> EXERCISE PROMPT:
The entire listing below is to be written out exactly, minus the pictures.

> PROVIDED DATA:
○ ○ ○

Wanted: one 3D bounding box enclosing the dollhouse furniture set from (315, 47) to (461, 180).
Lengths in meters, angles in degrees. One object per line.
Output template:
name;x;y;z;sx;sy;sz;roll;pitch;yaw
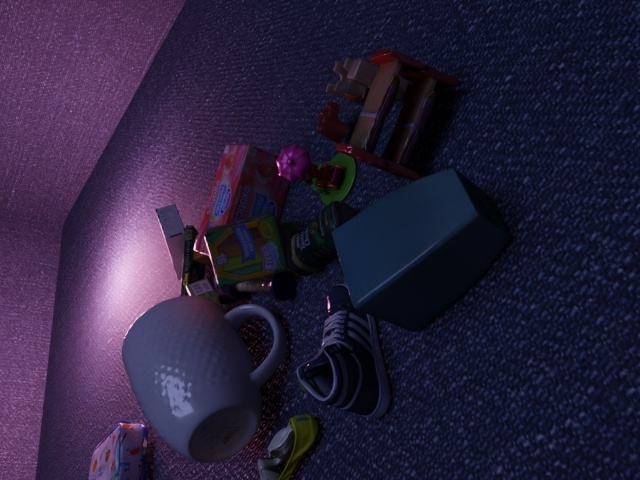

○ ○ ○

> TASK ANSWER:
Wanted: one 3D bounding box enclosing the dollhouse furniture set from (315, 47) to (461, 180).
Lengths in meters, angles in degrees. One object per line.
Output template:
name;x;y;z;sx;sy;sz;roll;pitch;yaw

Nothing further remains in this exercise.